La libraire estime compter sur une clientèle qui lui demeurera fidèle malgré l’arrivée du géant du commerce. « C’est sûr que nous ne pouvons pas du tout accoter les prix qu’offre Costco », renchérit-elle. « Par contre, ce sont des piles de livres qu’il propose : il n’y a aucun service, aucun conseil. »
Professeur titulaire à l’école des sciences de gestion de l’UQAM, Benoit Duguay est d’avis que dans le commerce, les David peuvent cohabiter avec les Goliath.
« Un hypermarché comme Costco ne peut pas offrir un service à la clientèle comme le fait un petit marchand local.
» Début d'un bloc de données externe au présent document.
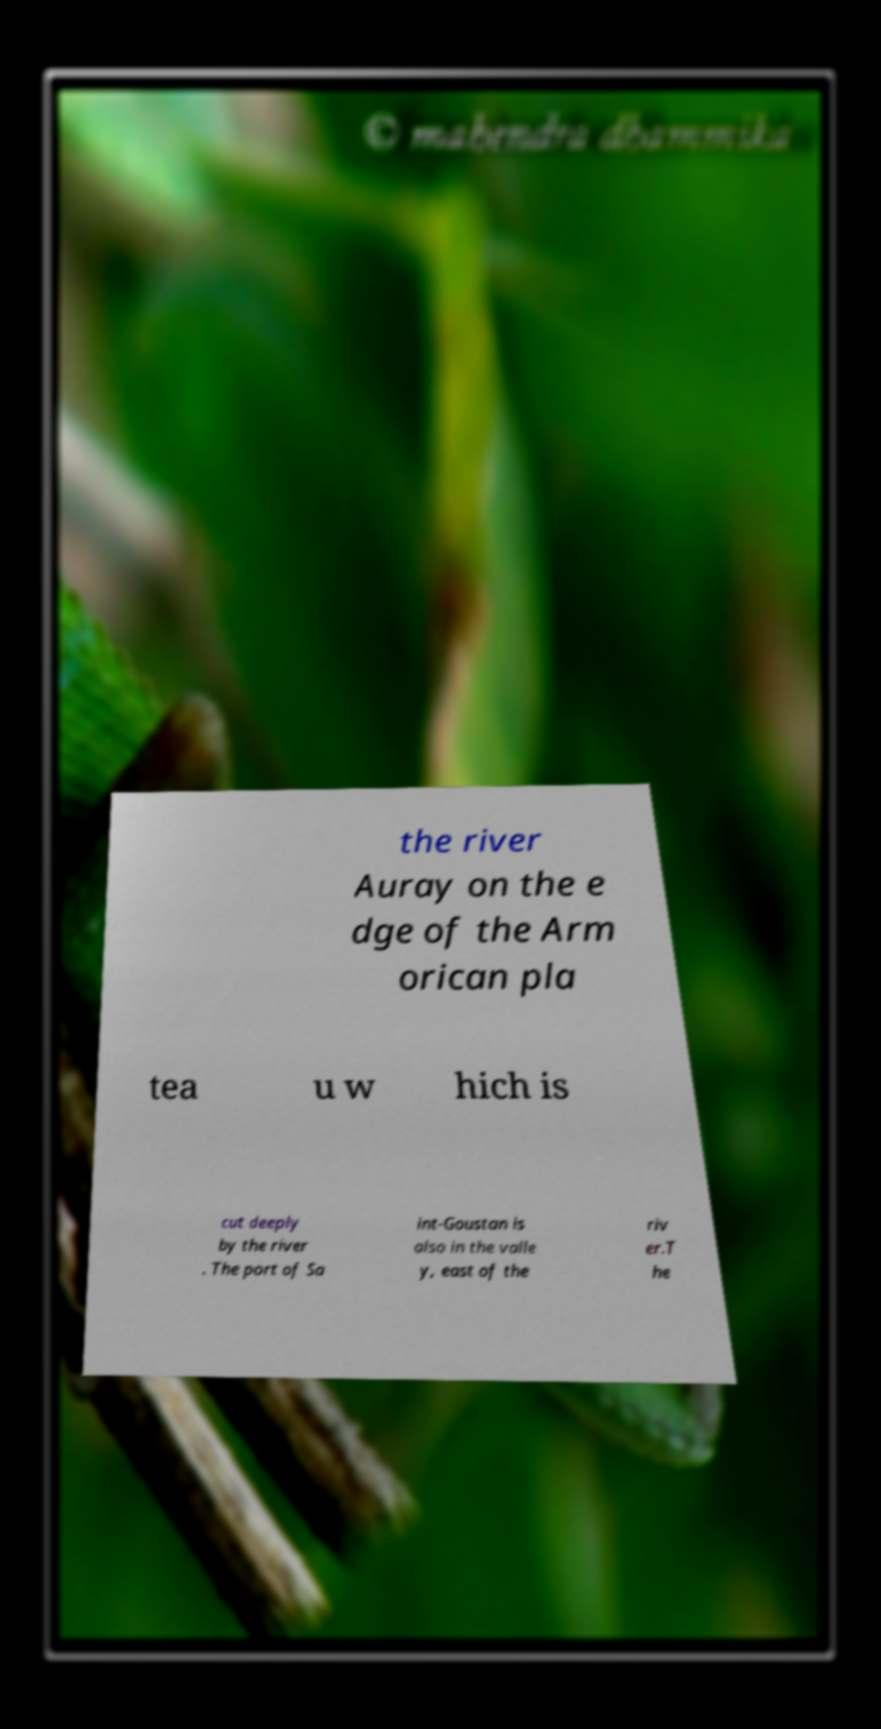Please identify and transcribe the text found in this image. the river Auray on the e dge of the Arm orican pla tea u w hich is cut deeply by the river . The port of Sa int-Goustan is also in the valle y, east of the riv er.T he

C’est comme Amazon : cela a des avantages, c’est certain, mais ça ne va pas tuer le petit commerce », illustre le professeur. « À preuve : j’ai voulu m’acheter des chaussures sur Amazon et il a fallu retourner la boîte trois fois parce que la commande ne correspondait pas à ce que j’espérais. »
Monsieur Duguay insiste sur le côté « très positif » d’une grande bannière aux prix bradés pour une population éprouvée par la hausse du coût de la vie. « Les gens sont étouffés, et un joueur comme Costco qui arrive avec des prix coupés offre la possibilité de réaliser des économies substantielles », explique-t-il.
« Pas le temps des guerres de clocher »
Maintenant que la Ville a entériné la vente des terrains convoités par Costco dans la Cité des Achats, les citoyens de Rimouski feraient une grave erreur de déchirer leurs chemises sur la place publique dans les différentes étapes à venir d’ici la construction du magasin-entrepôt, a prévenu le directeur général de la Chambre de commerce et de l’industrie Rimouski-Neigette, Jean-Nicolas Marchand.
Dans un communiqué envoyé aux médias avant Noël, monsieur Marchand a été catégorique sur sa pensée vis-à-vis l’arrivée de Costco.
« La décision est prise. Le débat a été fait. Ce n’est plus le temps des guerres de clocher. Pourquoi ne verrons-nous pas l’arrivée de Costco comme une occasion exceptionnelle pour notre économie? Des petits joueurs pourraient devenir des fournisseurs. Les consommateurs de l’extérieur deviendront des clients de nos entreprises. Rimouski pourrait travailler sur la mise en marché des petits joueurs », estimait à ce moment Jean-Nicolas Marchand.
Main d’oeuvre et salaires
Plusieurs entrepreneurs consultés par le Journal Le Soir expriment leur crainte par rapport à la perte de main-d’oeuvre au profit de Costco.
Le futur magasin-entrepôt pourrait embaucher jusqu’à 250 employés avec d’excellents salaires pouvant avoisiner les 25 à 30 $ de l’heure.
« Des impacts sont à prévoir, mais des programmes gouvernementaux sont disponibles. Nous avons un an pour nous préparer avant l’ouverture. L’entrepreneur inquiet peut nous contacter pour préparer un plan de match. Costco galvanisera notre secteur commercial, mais la clientèle des plus petits joueurs ne disparaîtra pas pour autant. Il est aussi crucial de développer rapidement du logement pour accueillir les nouveaux travailleurs », commente Jean-Nicolas Marchand.